In [1]:
import sys
sys.path.append("../")

In [2]:
import os
import pickle
from PIL import Image
import numpy as np
from typing import List
from tqdm import tqdm

from insightface.app import FaceAnalysis
from sklearn.neighbors import NearestNeighbors

In [3]:
app = FaceAnalysis(name="antelope")
app.prepare(ctx_id=0, det_size=(640, 640))

input mean and std: 127.5 127.5
find model: C:\Users\CJA/.insightface/models\antelope\glintr100.onnx recognition
find model: C:\Users\CJA/.insightface/models\antelope\scrfd_10g_bnkps.onnx detection
set det-size: (640, 640)


In [4]:
# Fixing the file extensions
YALE_DIR = "../data/yalefaces"
files = os.listdir(YALE_DIR)[1:]
for i, img in enumerate(files):
    # print("original name: ", img)
    new_ext_name = "_".join(img.split(".")) + ".gif"
    # print("new name: ",  new_ext_name)
    os.rename(os.path.join(YALE_DIR, img), os.path.join(YALE_DIR, new_ext_name))

In [5]:
def create_probe_eval_set(files: List):
    # pick random index between 0 and len(files)-1
    random_idx = np.random.randint(0,len(files))
    probe_img_fpaths = [files[random_idx]]
    eval_img_fpaths = [files[idx] for idx in range(len(files)) if idx != random_idx]
    
    return probe_img_fpaths, eval_img_fpaths

In [6]:
def generate_embs(img_fpaths: List[str]):
    embs_set = list()
    embs_label = list()

    for img_fpath in img_fpaths:  
                    
        # read grayscale img
        img = Image.open(os.path.join(YALE_DIR, img_fpath)) 
        img_arr = np.asarray(img)  
        
        # convert grayscale to rgb
        im = Image.fromarray((img_arr * 255).astype(np.uint8))
        rgb_arr = np.asarray(im.convert('RGB'))       
       
        # generate Insightface embedding
        res = app.get(rgb_arr)          
        # append emb to the eval set
        embs_set.append(res)          
        # append label to eval_label set
        embs_label.append(img_fpath.split("_")[0])          

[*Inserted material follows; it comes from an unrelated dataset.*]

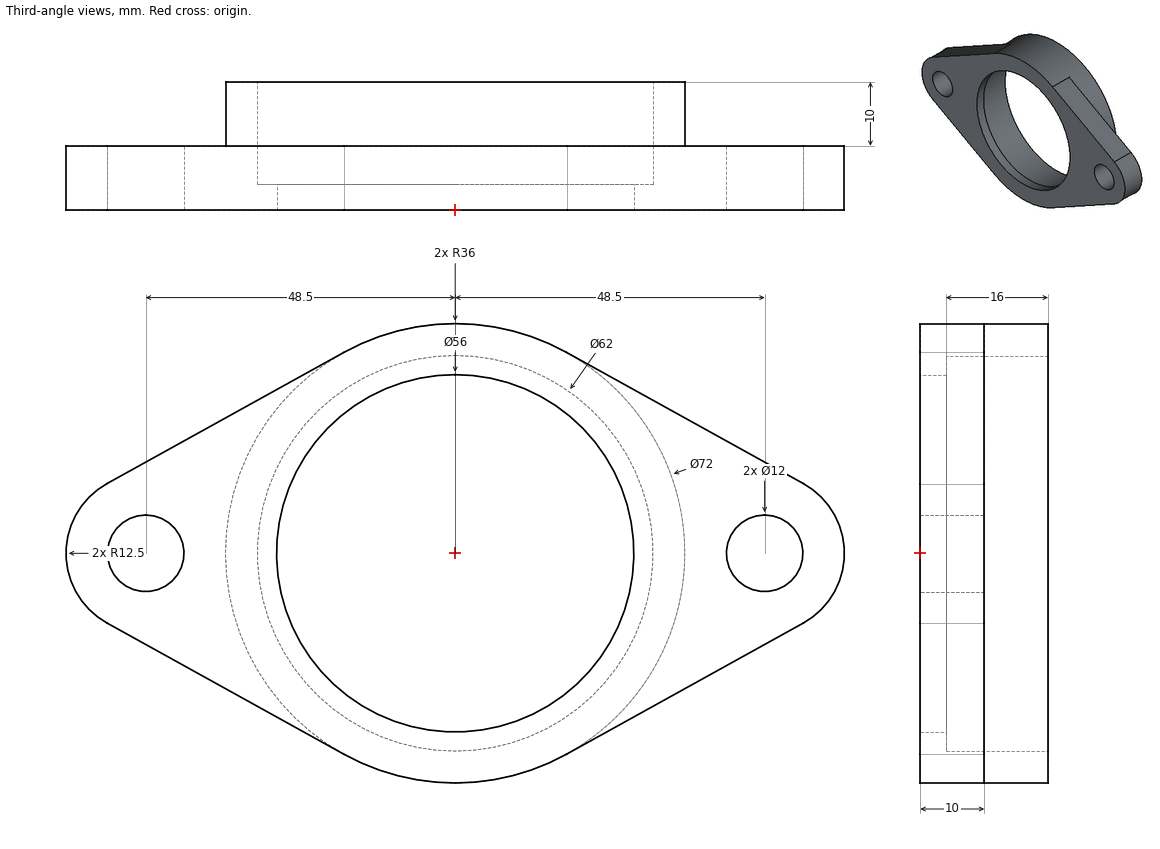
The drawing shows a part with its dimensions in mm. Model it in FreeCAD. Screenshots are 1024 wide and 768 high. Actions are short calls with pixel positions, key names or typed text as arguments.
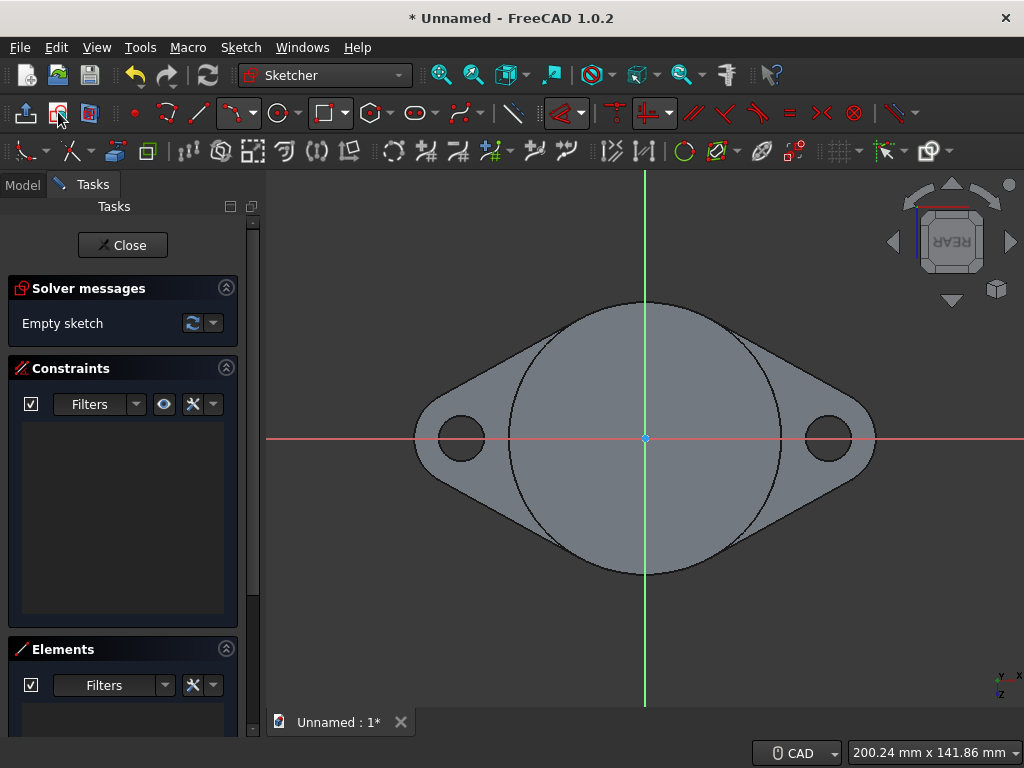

    return embs_set, embs_label
    

In [7]:
def filter_empty_embs(img_set: List, img_labels: List[str]):
    # filtering where insightface could not generate an embedding
    good_idx = [i for i,x in enumerate(img_set) if x]
    
    if len(good_idx) == len(img_set):
        clean_embs = [e[0].embedding for e in img_set]
        clean_labels = img_labels
        
    else:
        # filtering eval set and labels based on good idx
        clean_labels = np.array(img_labels)[good_idx]
        clean_set = np.array(img_set, dtype=object)[good_idx]
        
        # generating embs for good idx
        clean_embs = [e[0].embedding for e in clean_set]
    
    return clean_embs, clean_labels

In [8]:
# sorting files
files = os.listdir(YALE_DIR)
files.sort()
eval_set = list()
eval_labels = list()
probe_set = list()
probe_labels = list()
IMAGES_PER_IDENTITY = 11
for i in tqdm(range(1, len(files), IMAGES_PER_IDENTITY), unit_divisor=True): # ignore the README.txt file at files[0]
    # print(i)
    probe, eval = create_probe_eval_set(files[i:i+IMAGES_PER_IDENTITY])
    
    # store eval embs and labels
    eval_set_t, eval_labels_t = generate_embs(eval)
    eval_set.extend(eval_set_t)
    eval_labels.extend(eval_labels_t)
    
    # store probe embs and labels
    probe_set_t, probe_labels_t = generate_embs(probe)
    probe_set.extend(probe_set_t)
    probe_labels.extend(probe_labels_t)
    

100%|██████████| 16/16 [03:34<00:00, 13.40s/it]


In [9]:
assert len(eval_set) == len(eval_labels)
assert len(probe_set) == len(probe_labels)

In [10]:
evaluation_embs, evaluation_labels = filter_empty_embs(eval_set, eval_labels)
probe_embs, probe_labels = filter_empty_embs(probe_set, probe_labels)

In [11]:
assert len(evaluation_embs) == len(evaluation_labels)
assert len(probe_embs) == len(probe_labels)